| Instructions to follow |
Retype the whole listing below exactly, keeping every picture out of it.

::: Material shown :::

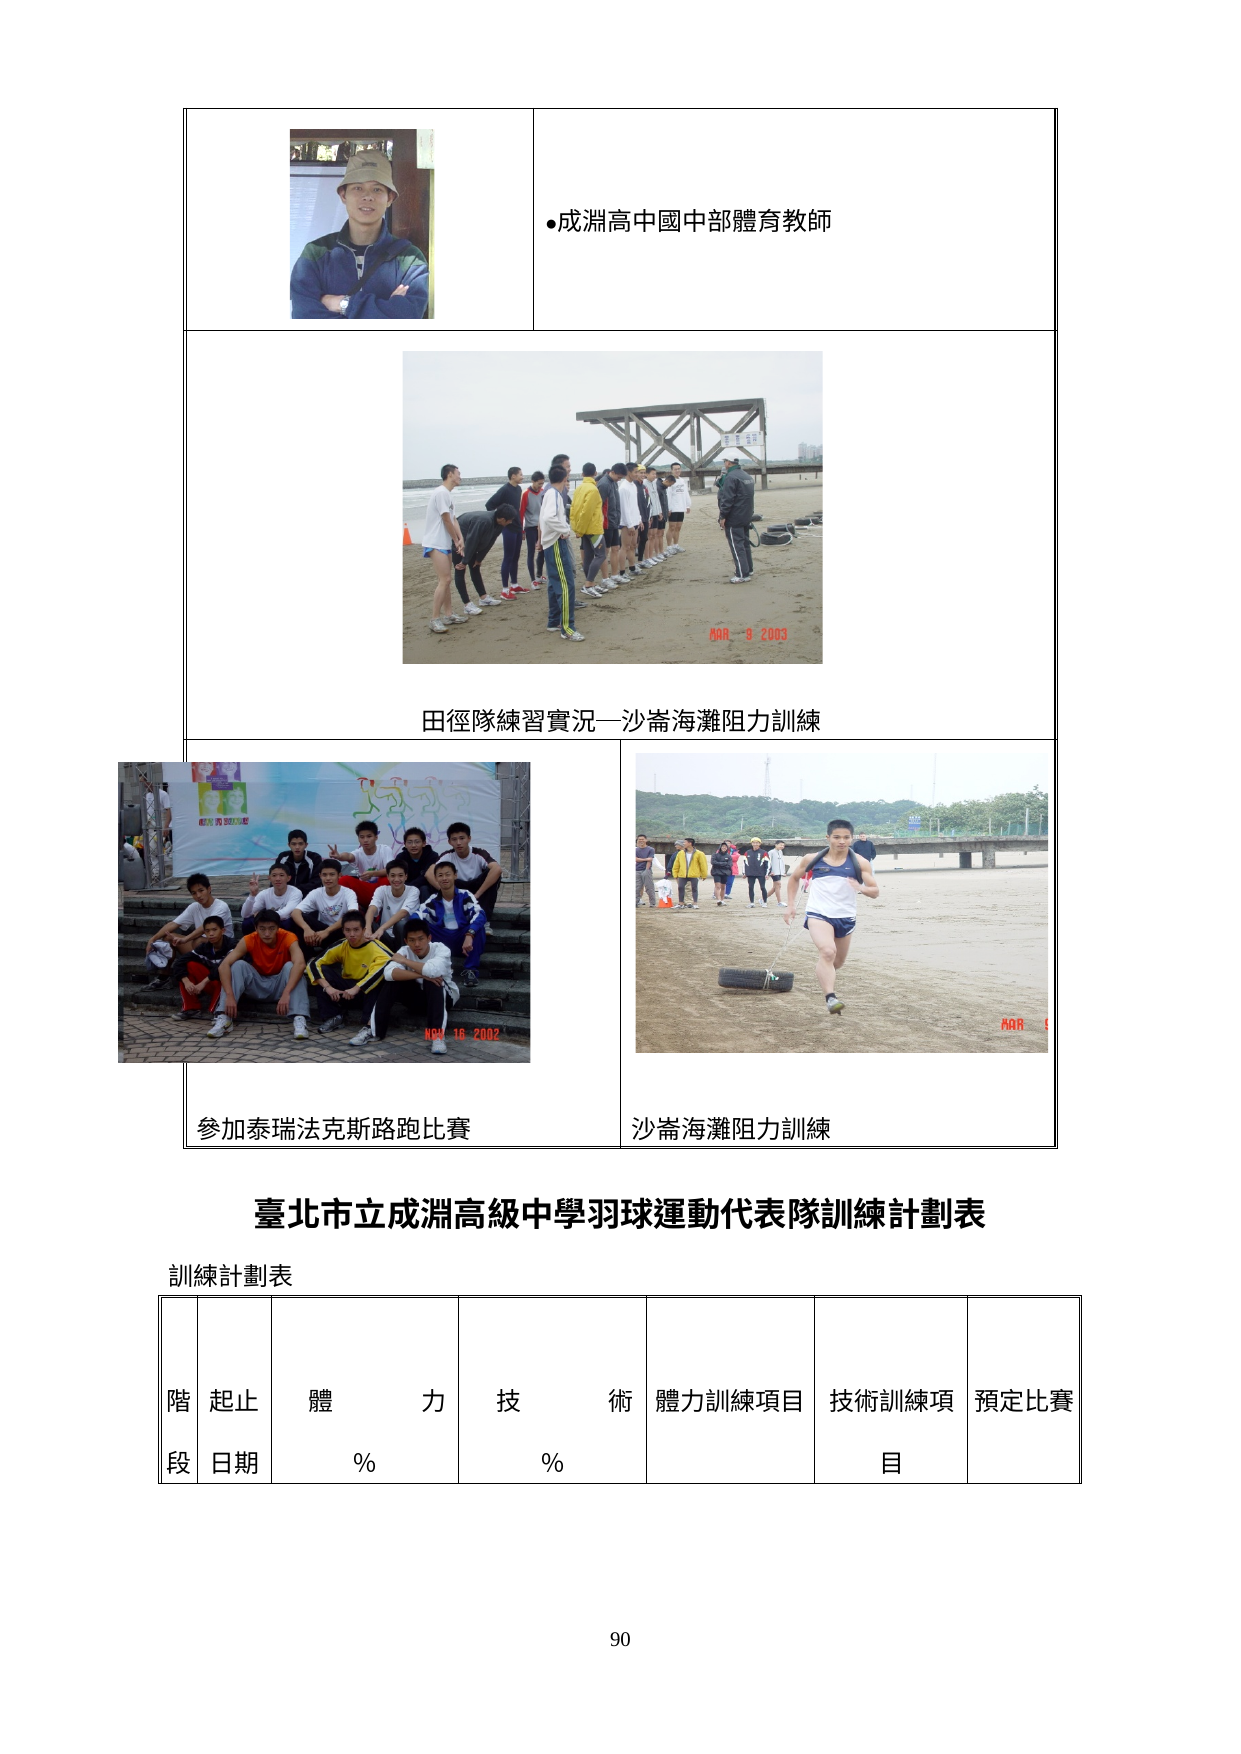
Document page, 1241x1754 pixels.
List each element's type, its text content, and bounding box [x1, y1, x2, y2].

table_header 技術訓練項目 [815, 1298, 967, 1483]
table_header 階段 [162, 1298, 197, 1483]
table_header 預定比賽 [968, 1298, 1079, 1483]
table_cell 田徑隊練習實況─沙崙海灘阻力訓練 [187, 331, 1054, 739]
text 訓練計劃表 [118, 1233, 1122, 1295]
table_header 技 術 ％ [459, 1298, 646, 1483]
table_cell 沙崙海灘阻力訓練 [621, 740, 1054, 1146]
table_header 體力訓練項目 [647, 1298, 814, 1483]
text 臺北市立成淵高級中學羽球運動代表隊訓練計劃表 [118, 1170, 1122, 1233]
table_cell ●成淵高中國中部體育教師 [534, 109, 1054, 330]
table_header 體 力 ％ [272, 1298, 458, 1483]
table_cell 參加泰瑞法克斯路跑比賽 [187, 740, 620, 1146]
table_header 起止日期 [198, 1298, 271, 1483]
table_cell [187, 109, 533, 330]

:::

| Exercise output |
Document page, 1241x1754 pixels.
List each element's type, its text content, and bounding box [x1, y1, x2, y2].

table_header 技術訓練項目 [815, 1298, 967, 1483]
table_header 階段 [162, 1298, 197, 1483]
table_header 預定比賽 [968, 1298, 1079, 1483]
table_cell 田徑隊練習實況─沙崙海灘阻力訓練 [187, 331, 1054, 739]
text 訓練計劃表 [118, 1233, 1122, 1295]
table_header 技 術 ％ [459, 1298, 646, 1483]
table_cell 沙崙海灘阻力訓練 [621, 740, 1054, 1146]
table_header 體力訓練項目 [647, 1298, 814, 1483]
text 臺北市立成淵高級中學羽球運動代表隊訓練計劃表 [118, 1170, 1122, 1233]
table_cell ●成淵高中國中部體育教師 [534, 109, 1054, 330]
table_header 體 力 ％ [272, 1298, 458, 1483]
table_cell 參加泰瑞法克斯路跑比賽 [187, 740, 620, 1146]
table_header 起止日期 [198, 1298, 271, 1483]
table_cell [187, 109, 533, 330]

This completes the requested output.